:: Task prompt ::
Start at the first line below and write out everything verbatim except the pictures.

:: Records supplied ::
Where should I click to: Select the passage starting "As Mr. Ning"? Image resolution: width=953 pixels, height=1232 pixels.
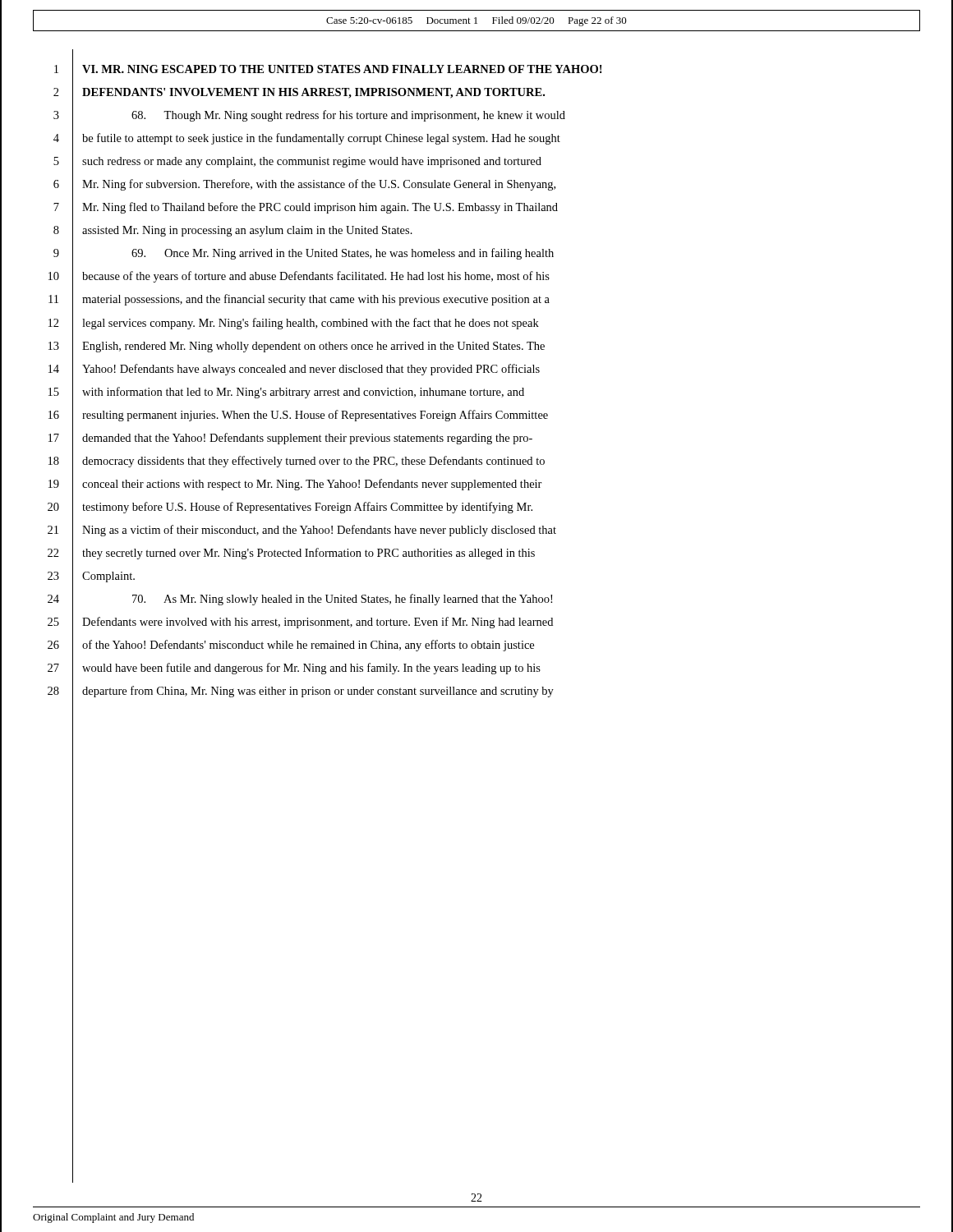(343, 599)
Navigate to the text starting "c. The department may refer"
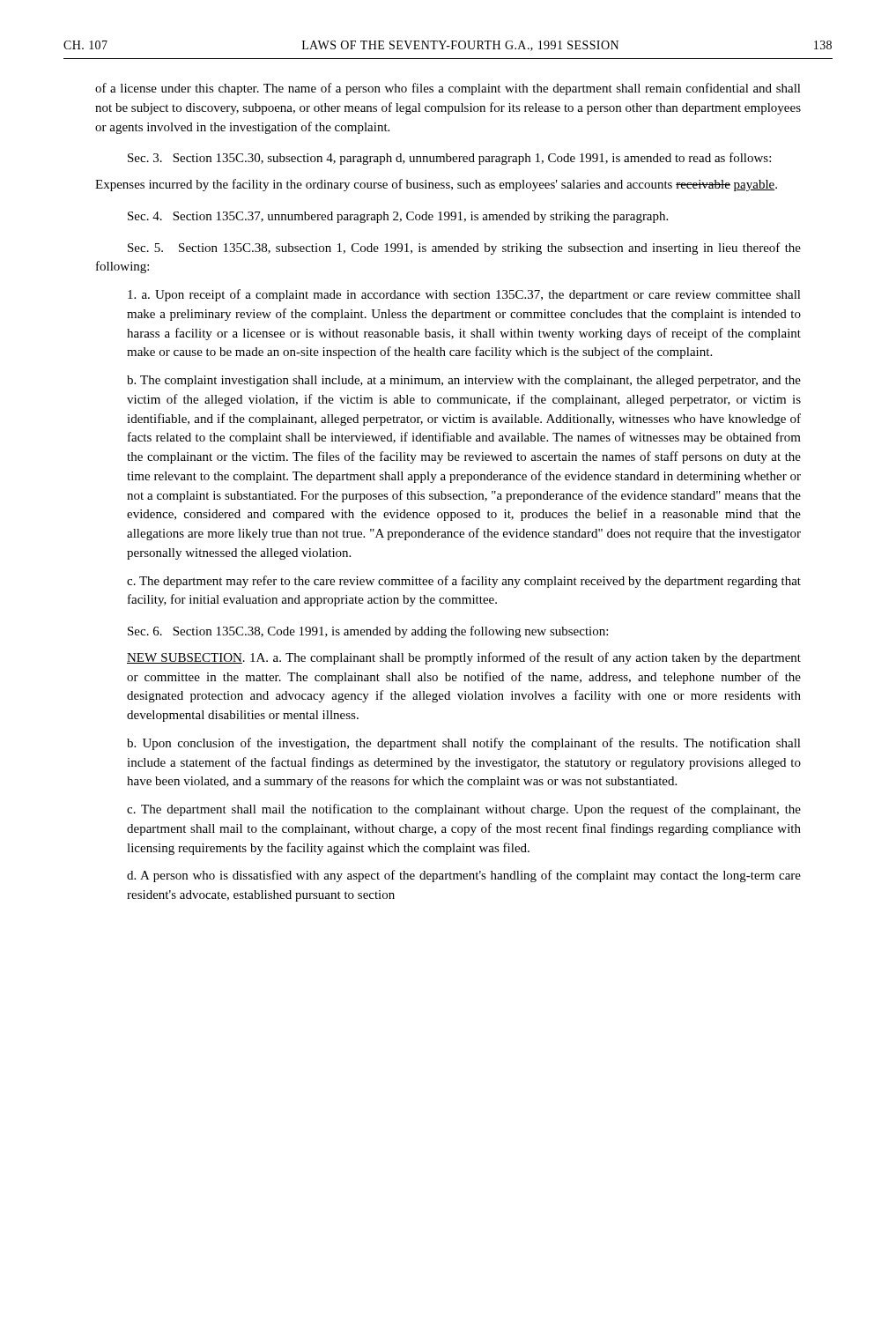Screen dimensions: 1322x896 [448, 591]
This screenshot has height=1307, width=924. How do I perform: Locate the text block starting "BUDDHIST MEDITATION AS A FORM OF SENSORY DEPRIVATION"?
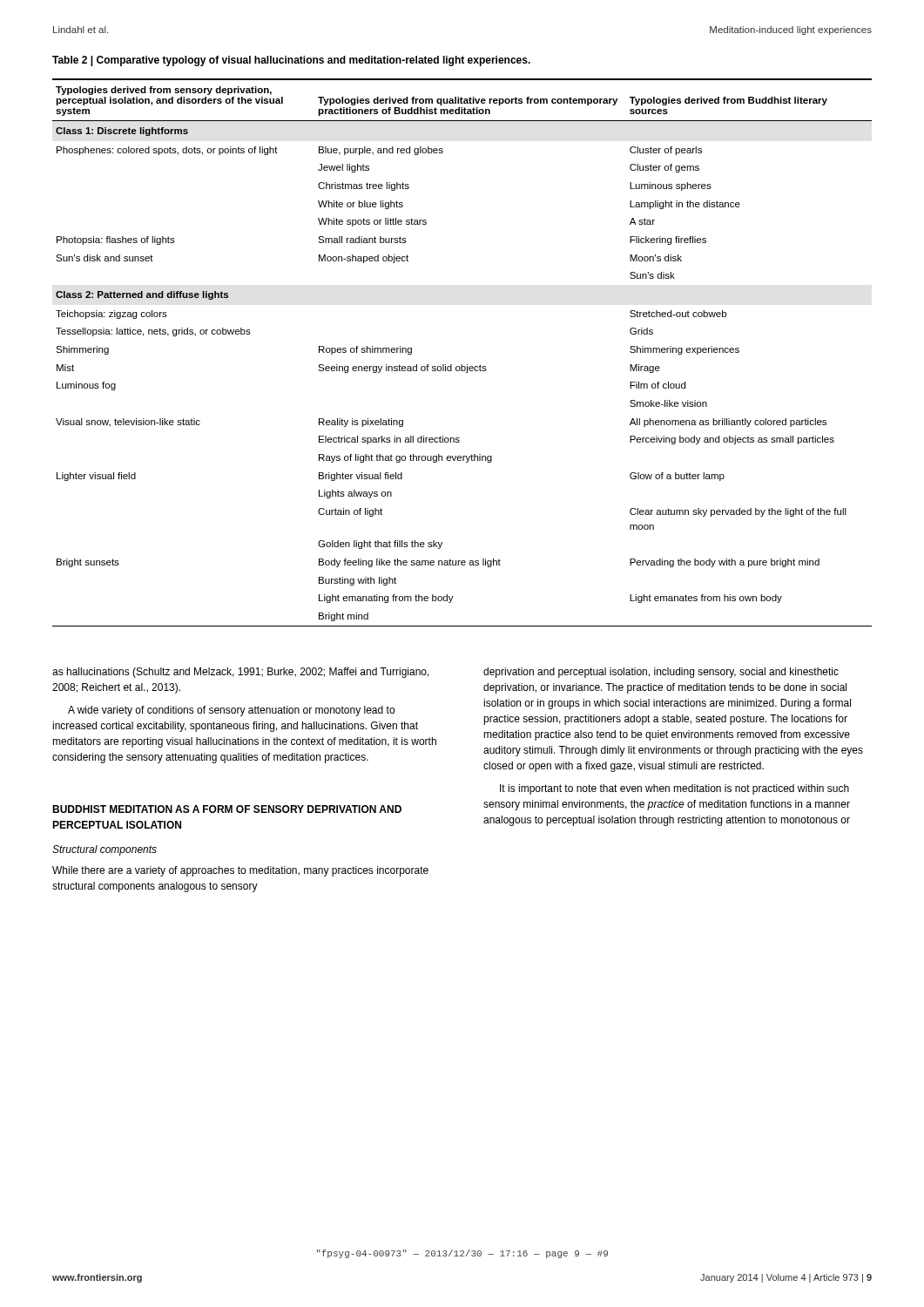[247, 817]
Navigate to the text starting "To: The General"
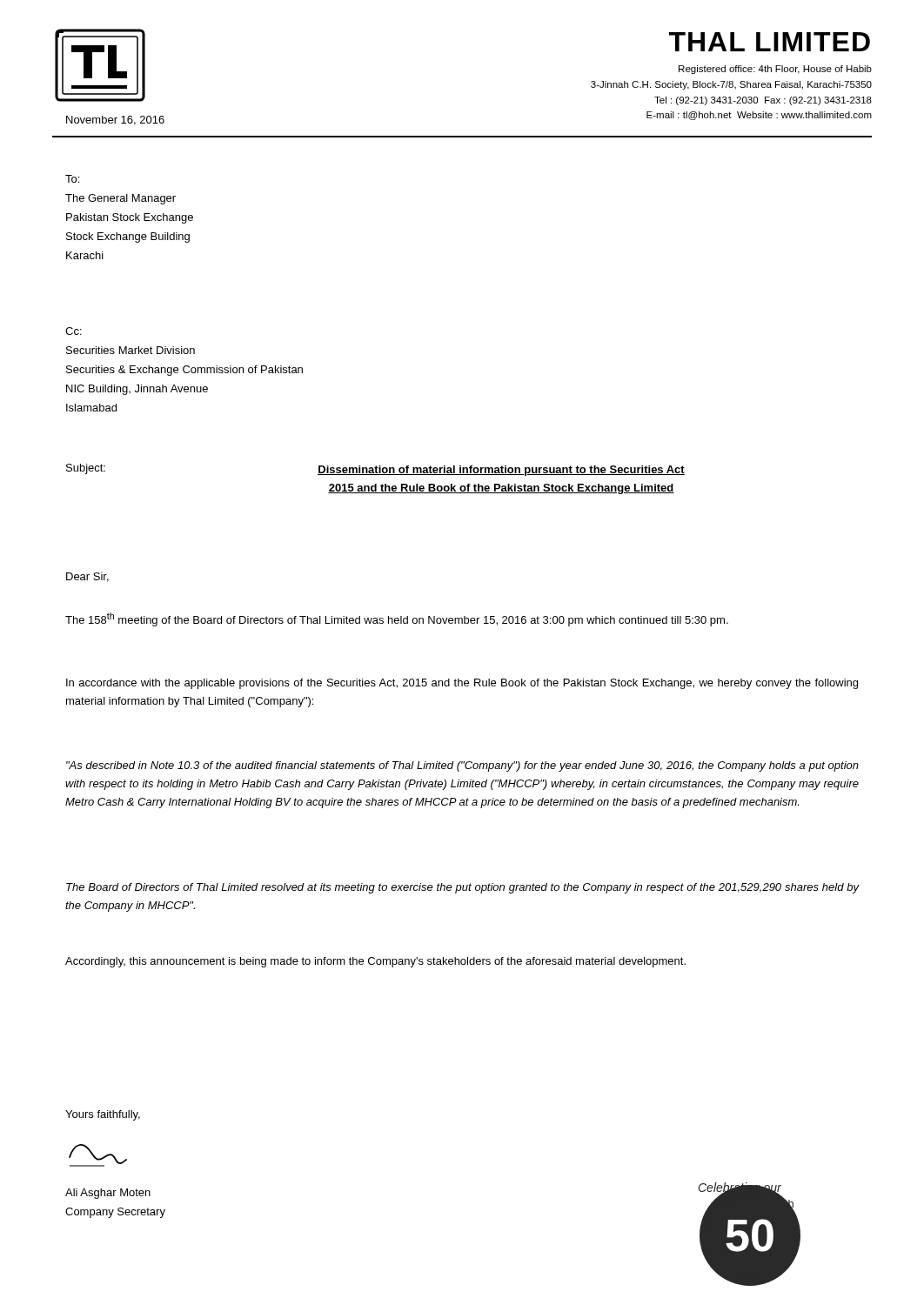The height and width of the screenshot is (1305, 924). pyautogui.click(x=129, y=217)
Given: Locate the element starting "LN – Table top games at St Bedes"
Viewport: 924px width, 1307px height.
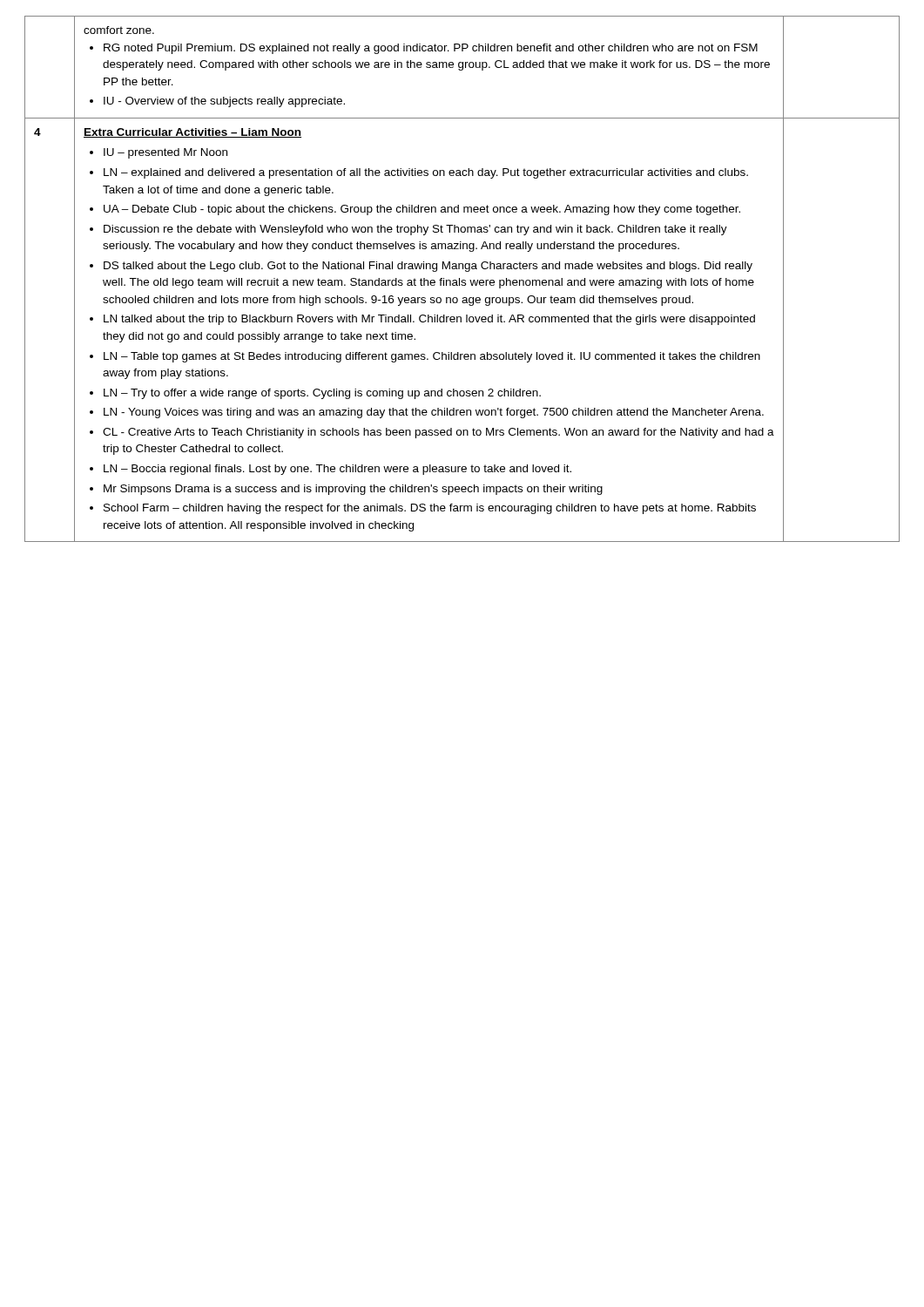Looking at the screenshot, I should point(432,364).
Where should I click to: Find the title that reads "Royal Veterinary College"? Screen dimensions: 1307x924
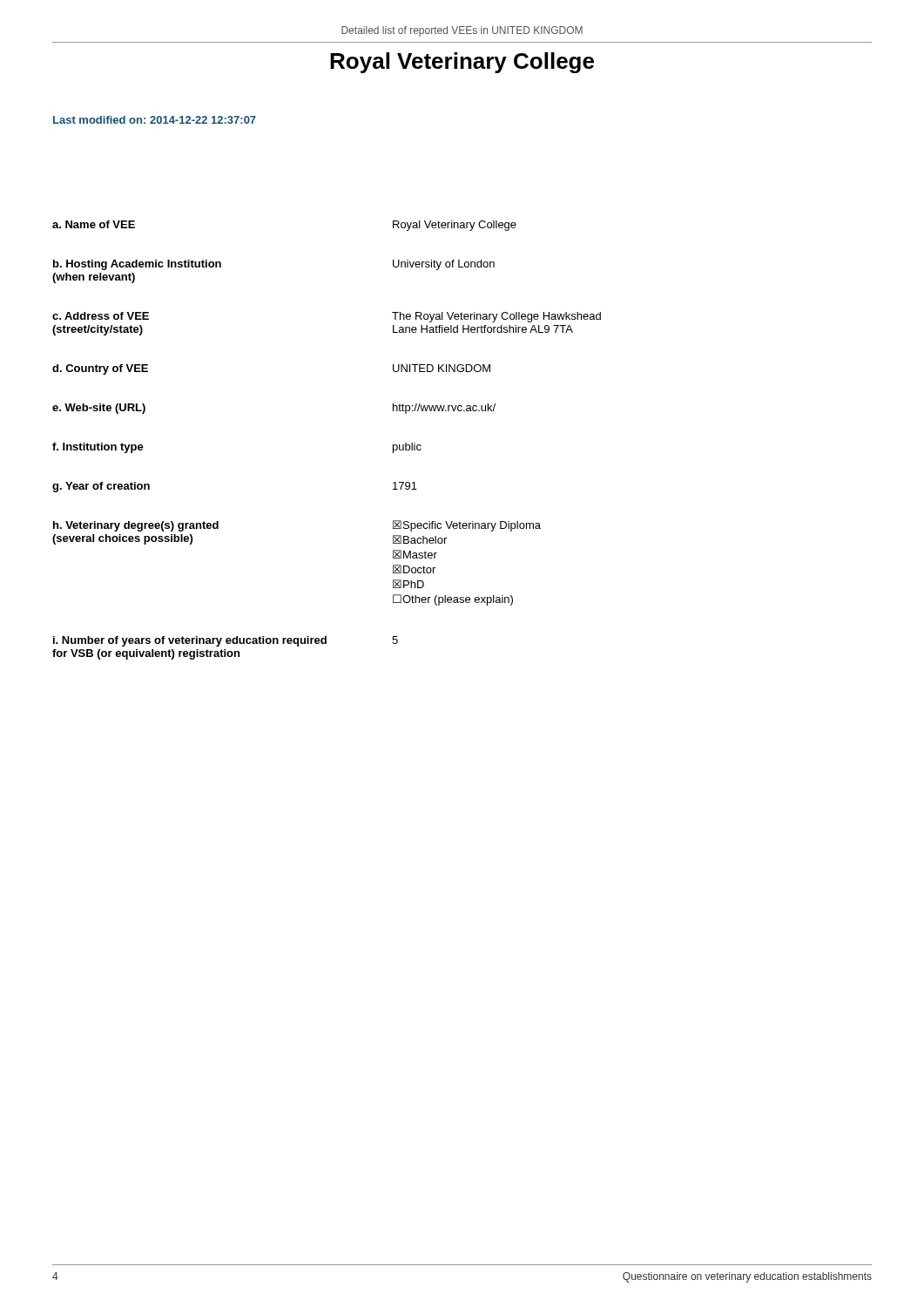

:: Task solution ::
Where should I click to: Select the passage starting "As Mr. Ning"? Image resolution: width=953 pixels, height=1232 pixels.
(343, 599)
Navigate to the text starting "c. The department may refer"
Screen dimensions: 1322x896 [448, 591]
This screenshot has height=1307, width=924. How do I perform: Locate the text block starting "BUDDHIST MEDITATION AS A FORM OF SENSORY DEPRIVATION"?
[247, 817]
Navigate to the text starting "To: The General"
The height and width of the screenshot is (1305, 924). pyautogui.click(x=129, y=217)
Given: Locate the element starting "LN – Table top games at St Bedes"
Viewport: 924px width, 1307px height.
Looking at the screenshot, I should point(432,364).
Where should I click to: Find the title that reads "Royal Veterinary College"? Screen dimensions: 1307x924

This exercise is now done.